Like the Fab Four, the Mustang would leave an enduring mark. In my case, the mark was a literal one that took more than a dozen sutures to close. When I was 12 years old, my dad's cousin took me for a ride in her new Mustang and crashed into an oncoming car. The Mustang had no shoulder belts. When I was thrown forward, the sharp edge of the distinctive dash ripped open my scalp like a giant tomahawk. A doctor saved my life, but to this day, I carry a long scar beneath my hairline.
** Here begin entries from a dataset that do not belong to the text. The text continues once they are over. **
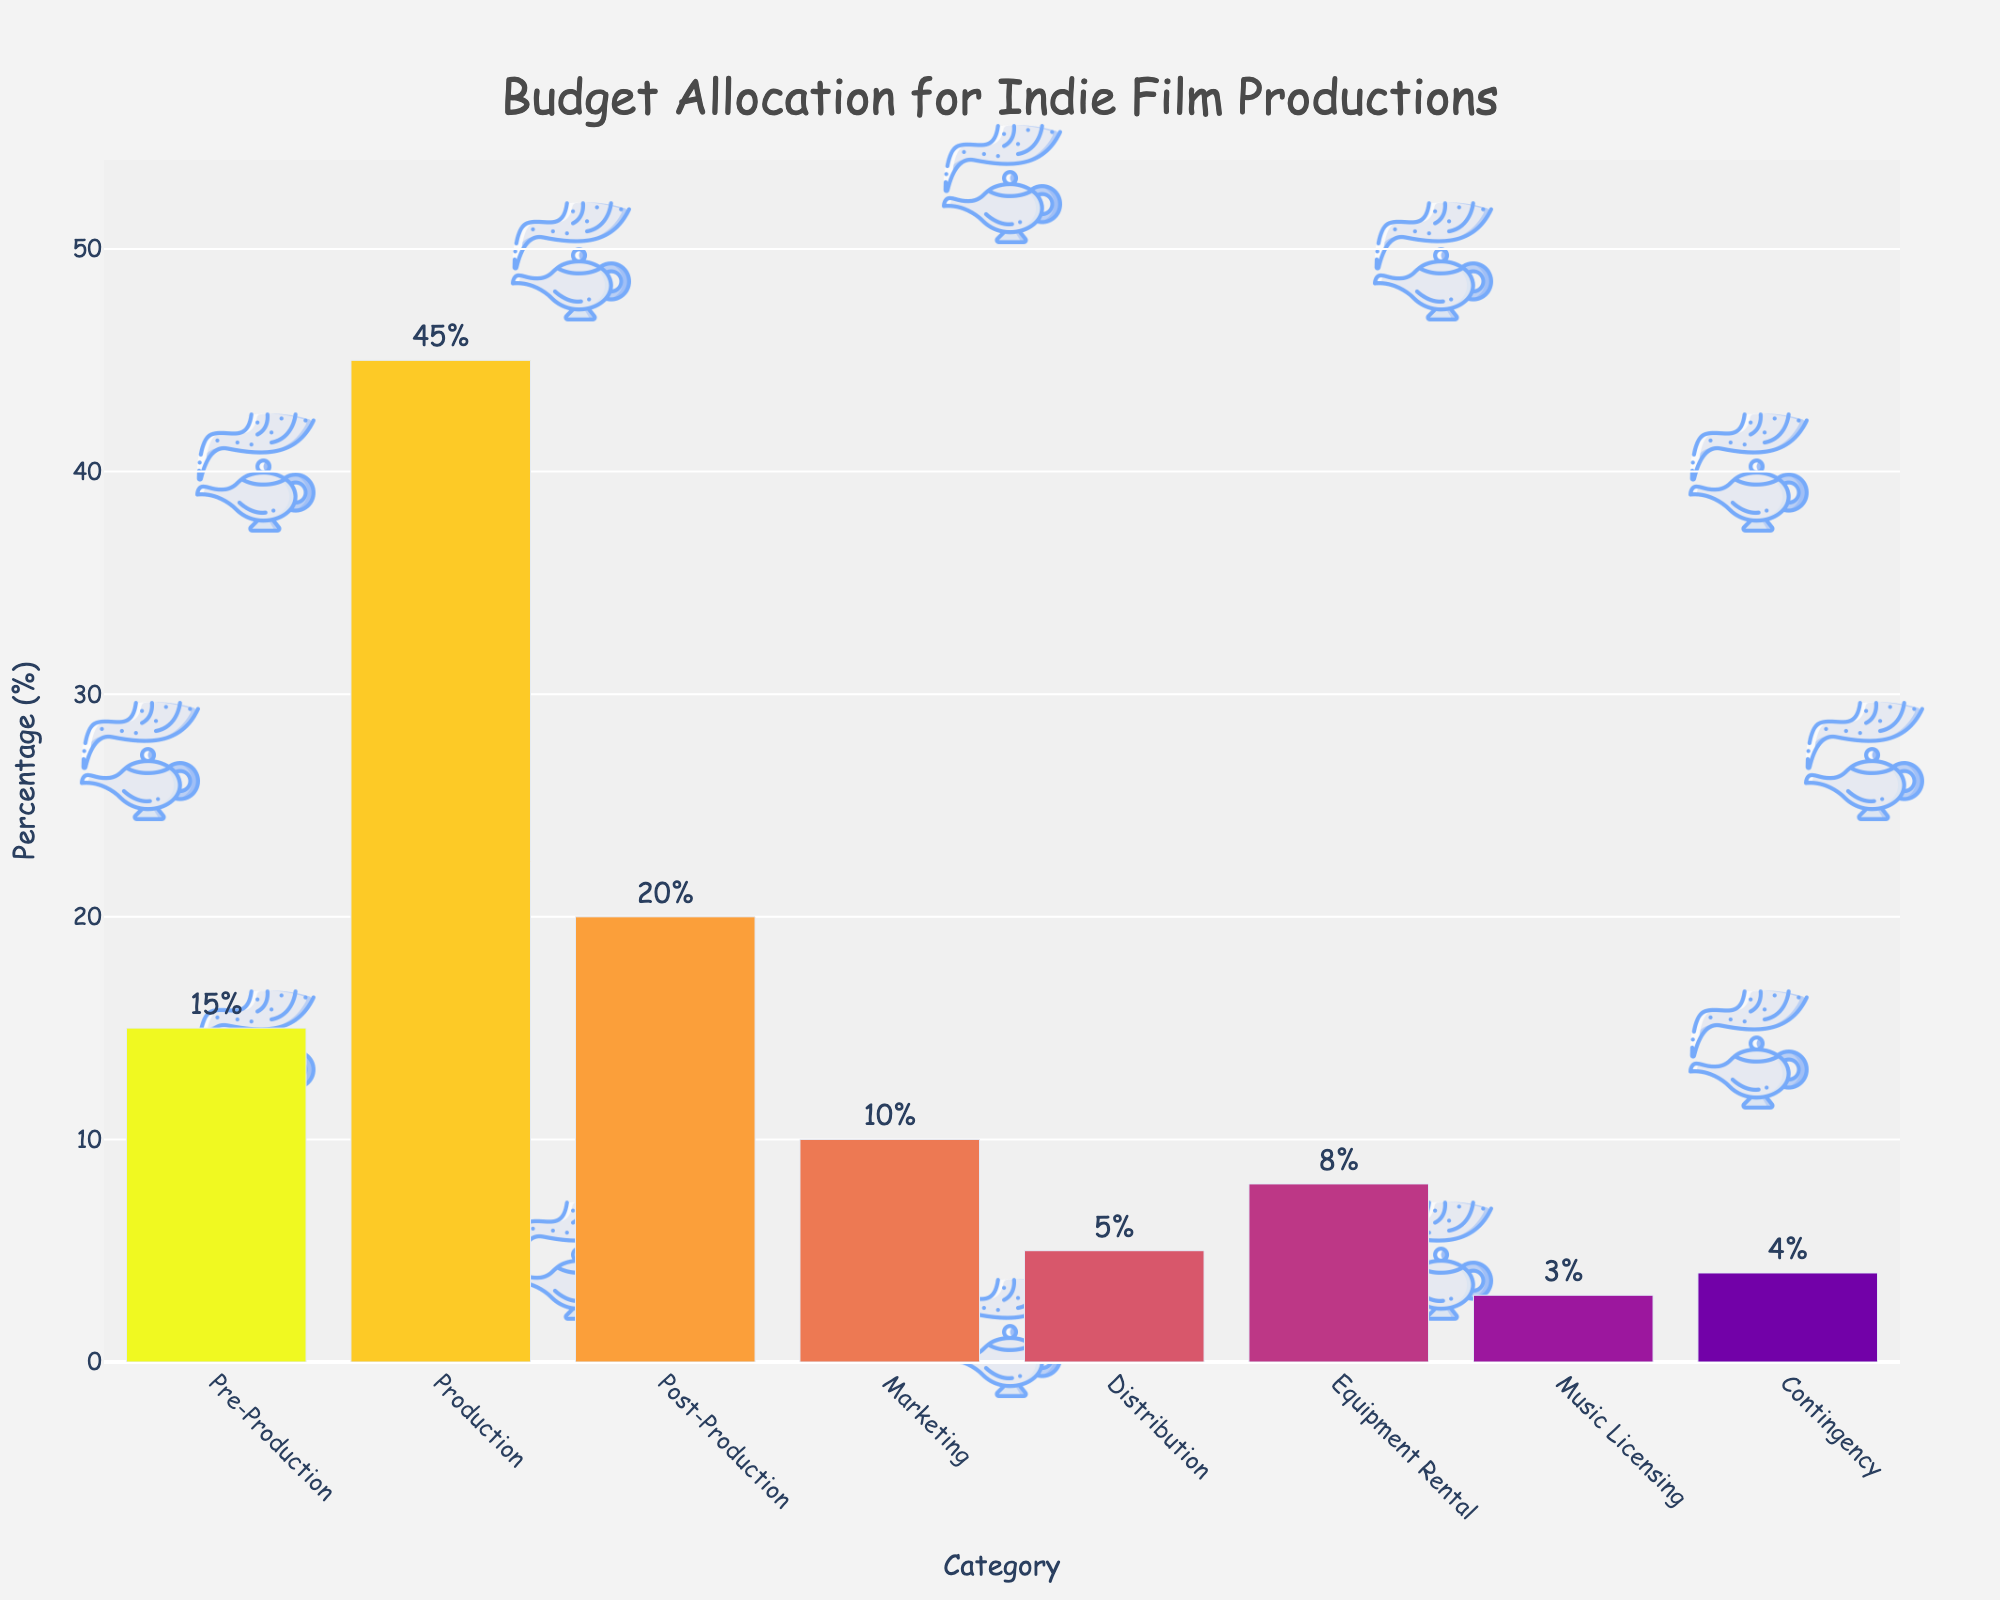Which budget category has the highest allocation? The highest allocation can be determined by looking at the tallest bar in the chart. The "Production" category has the tallest bar indicating it has the highest budget allocation.
Answer: Production What is the combined budget percentage for Pre-Production and Post-Production? To find the combined budget percentage, add the percentages allocated to "Pre-Production" and "Post-Production": 15% + 20%.
Answer: 35% Which has a larger budget allocation, Equipment Rental or Marketing? To compare, examine the bars for "Equipment Rental" and "Marketing". The height of the bar for "Equipment Rental" (8%) is greater than that for "Marketing" (10%).
Answer: Marketing What is the difference in budget allocation between Production and Contingency? Calculate the difference by subtracting the percentage for "Contingency" from "Production": 45% - 4%.
Answer: 41% What is the average budget allocation across all categories? Add all the percentages together and divide by the number of categories: (15% + 45% + 20% + 10% + 5% + 8% + 3% + 4%) and divide by 8. This sums up to 110% and (110/8) = 13.75%.
Answer: 13.75% Which categories have a budget allocation less than 10%? Identify bars shorter than the 10% mark on the y-axis. These categories are "Distribution" (5%), "Equipment Rental" (8%), "Music Licensing" (3%), and "Contingency" (4%).
Answer: Distribution, Equipment Rental, Music Licensing, Contingency By how much is the budget allocation for Post-Production greater than for Distribution? Subtract the percentage for "Distribution" from "Post-Production": 20% - 5%.
Answer: 15% Which visual elements indicate the allocation for Contingency? Contingency is represented by a bar. Its height matches the 4% mark on the y-axis, and it is labeled as "Contingency" with "4%" displayed above.
Answer: Bar labeled Contingency with 4%

Even so, I loved the original Mustang. It was a summer day on wheels. It was the spirit of America, captured in sheet steel, rubber and chrome. Then I drove one again. In the mid-60s, the Mustang was performance defined. But a recent ride in a 1966 model reminded me of what an agricultural product the Mustang actually was: The brakes were weak, the steering was vague, and the acceleration was worse than a modern Toyota Corolla. In the sepia-toned halls of my youthful memory, the 1966 Mustang was a taut, high-performance machine, thrumming with power. But in the cold, hard light of the present day, the old Mustang is something else again.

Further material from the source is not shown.